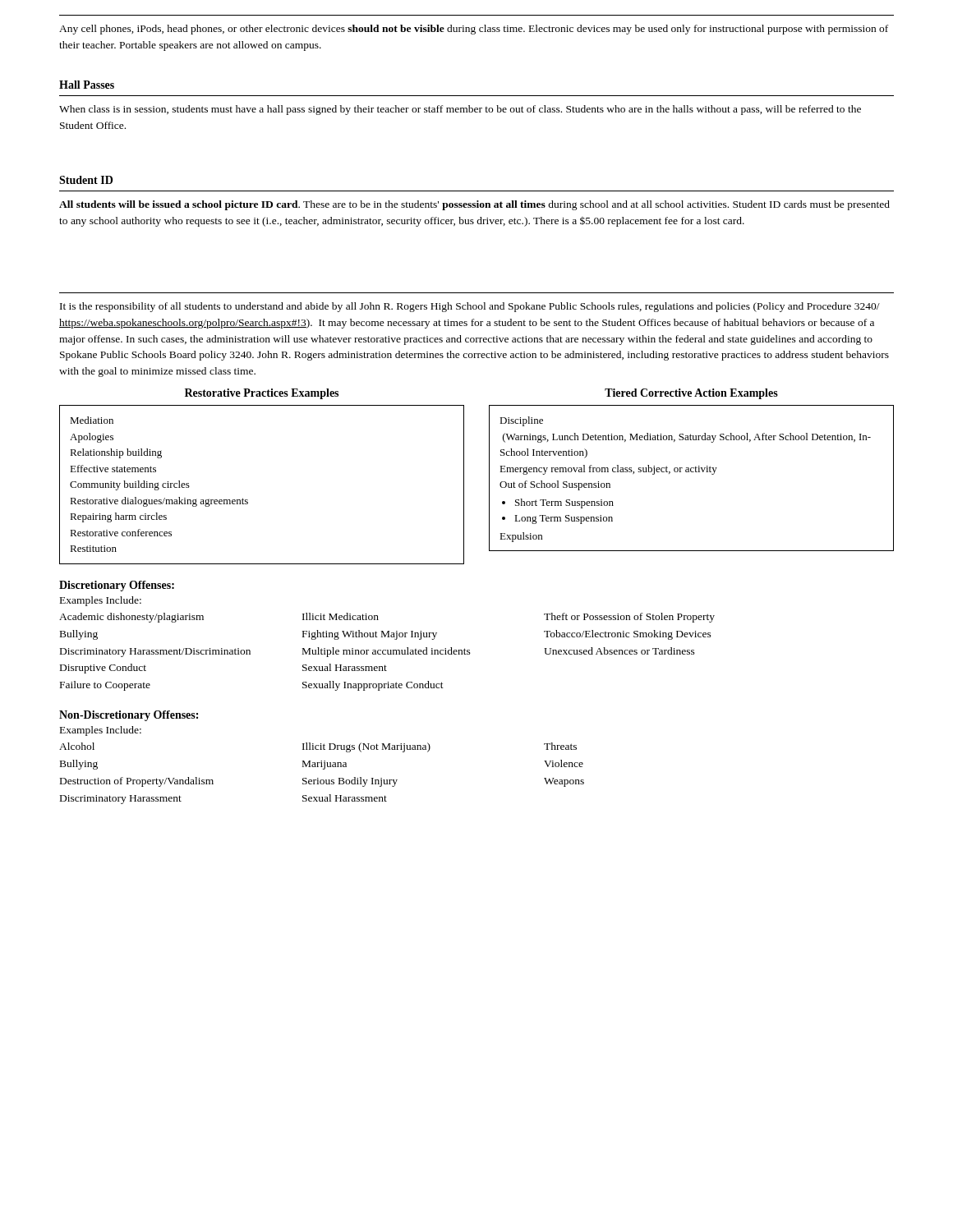Locate the block starting "Any cell phones, iPods, head phones, or"
This screenshot has width=953, height=1232.
(474, 36)
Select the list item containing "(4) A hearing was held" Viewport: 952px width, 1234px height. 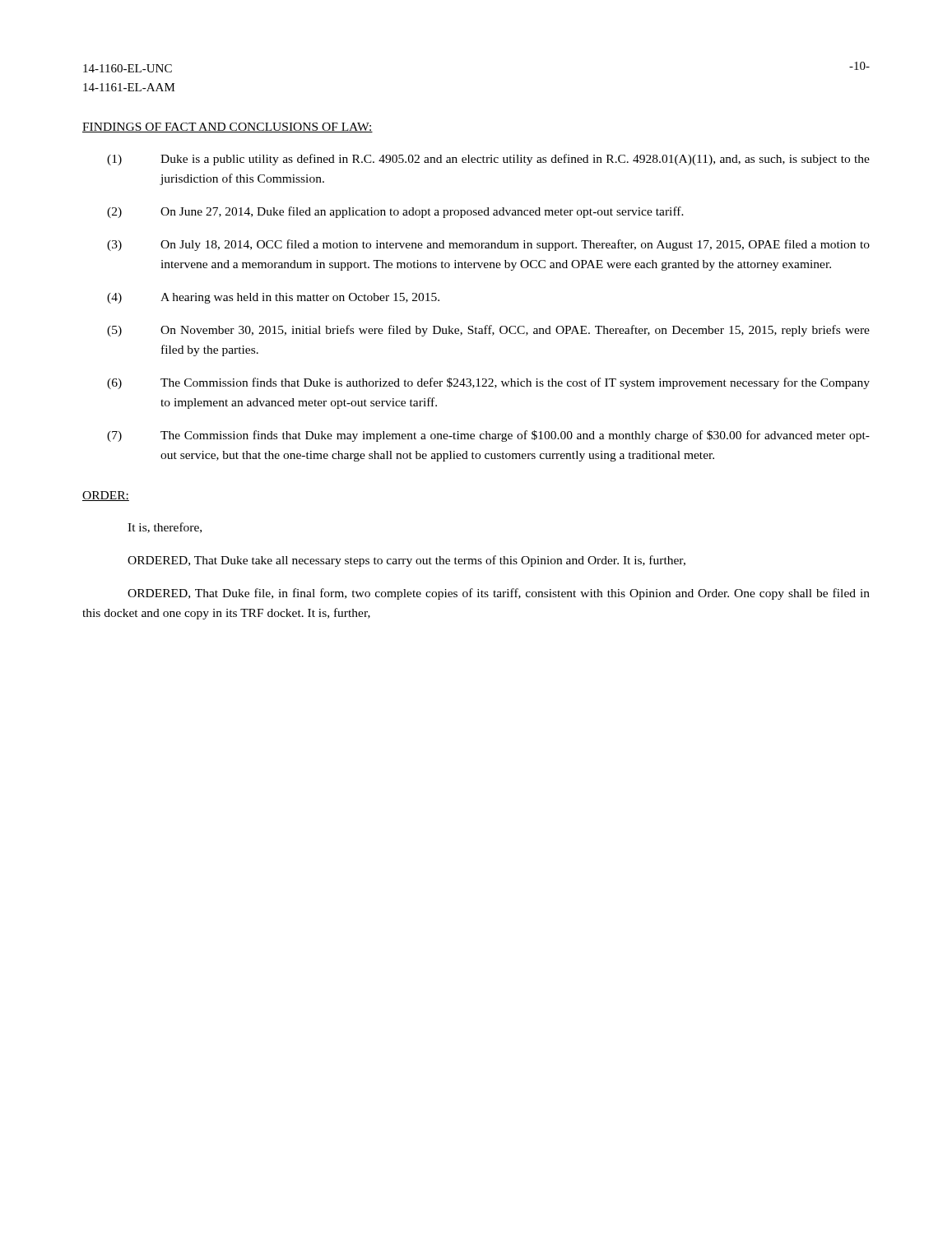pos(273,298)
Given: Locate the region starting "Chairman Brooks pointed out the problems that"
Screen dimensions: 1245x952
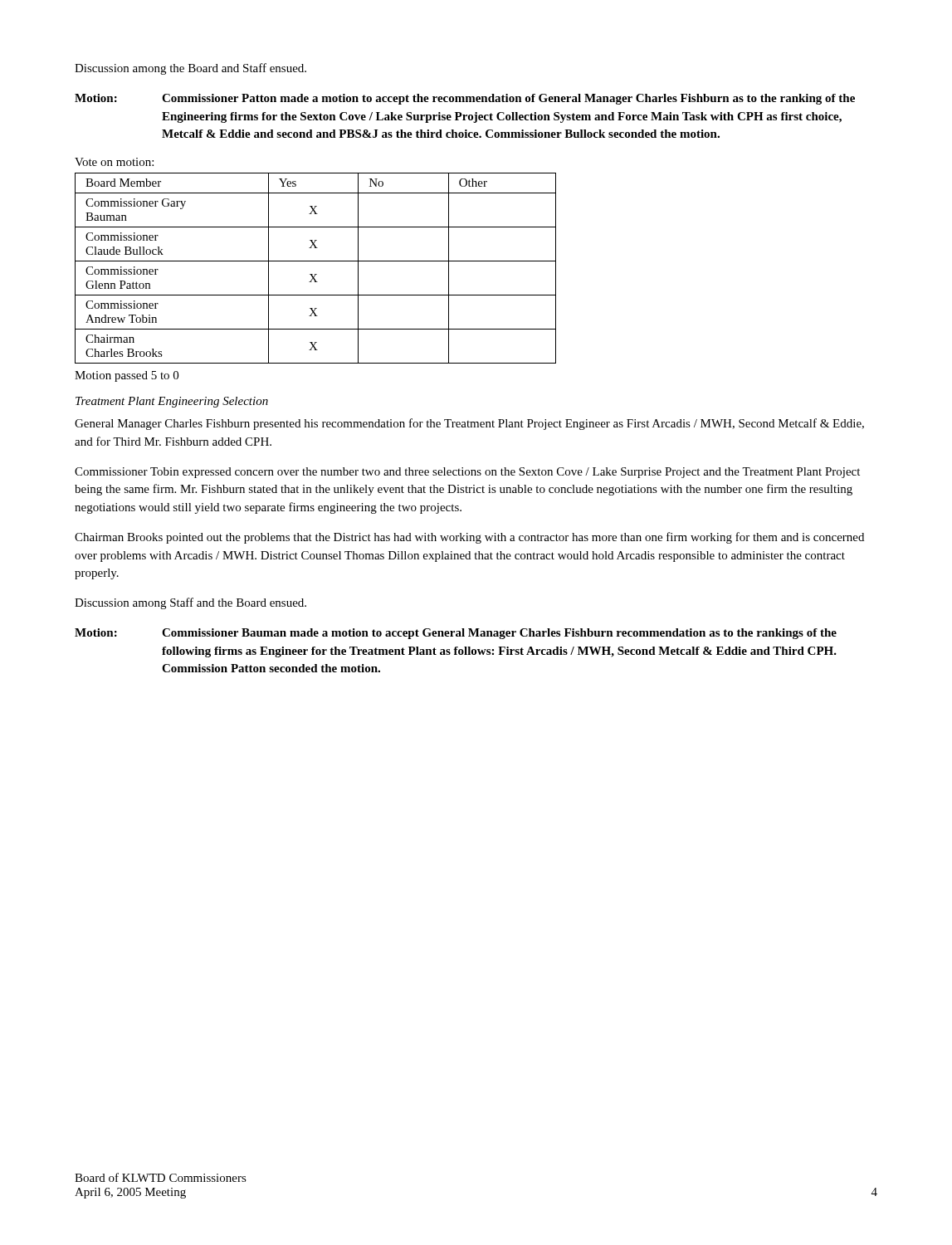Looking at the screenshot, I should pos(470,555).
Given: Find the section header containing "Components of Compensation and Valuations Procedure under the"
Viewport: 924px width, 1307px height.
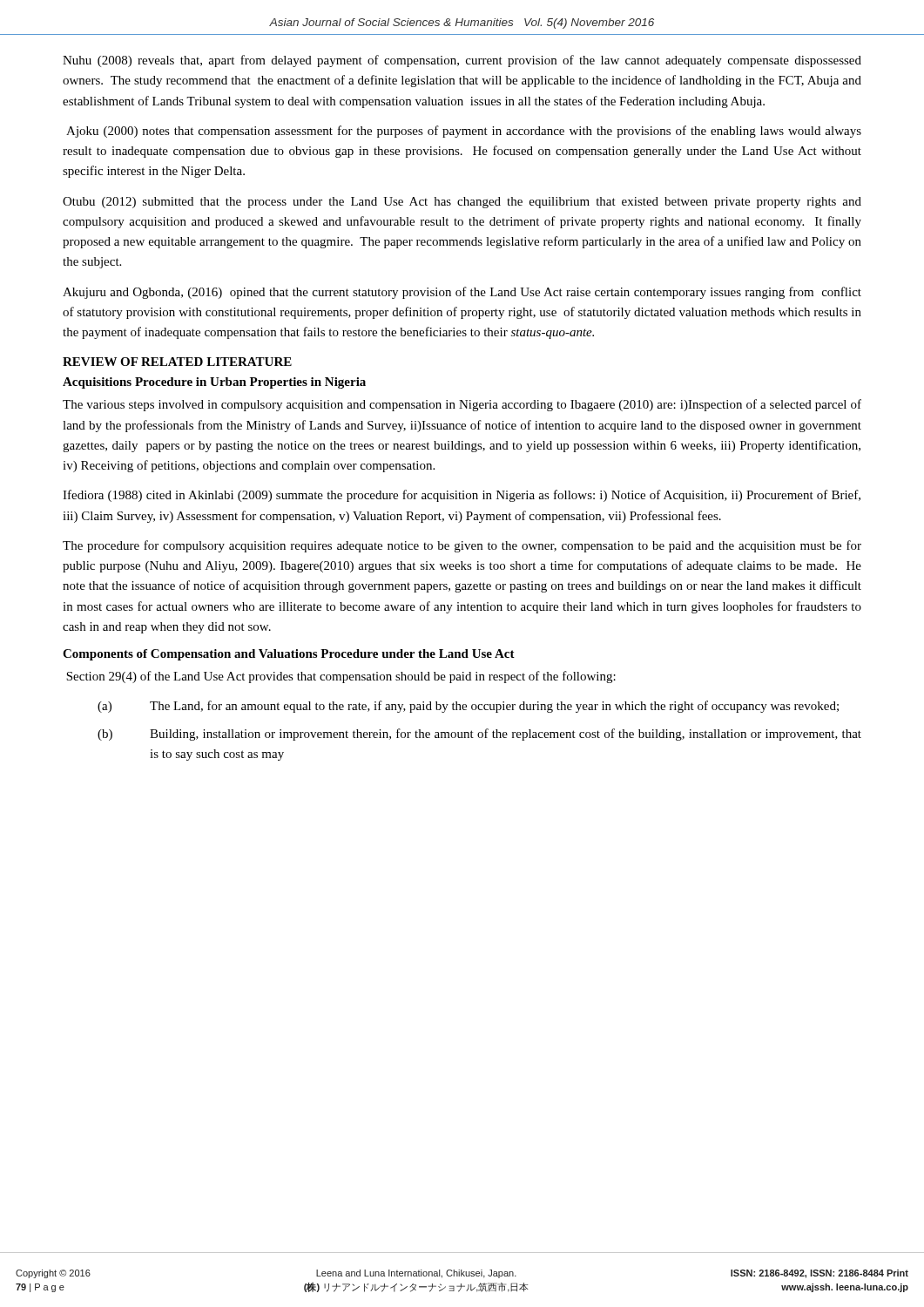Looking at the screenshot, I should [288, 654].

Goal of the exercise
Using the material above, copy every line in which the string "Given" occurs.

Reply to the task
Given: Locate the region starting "Chairman Brooks pointed out the problems that"
Given: Find the section header containing "Components of Compensation and Valuations Procedure under the"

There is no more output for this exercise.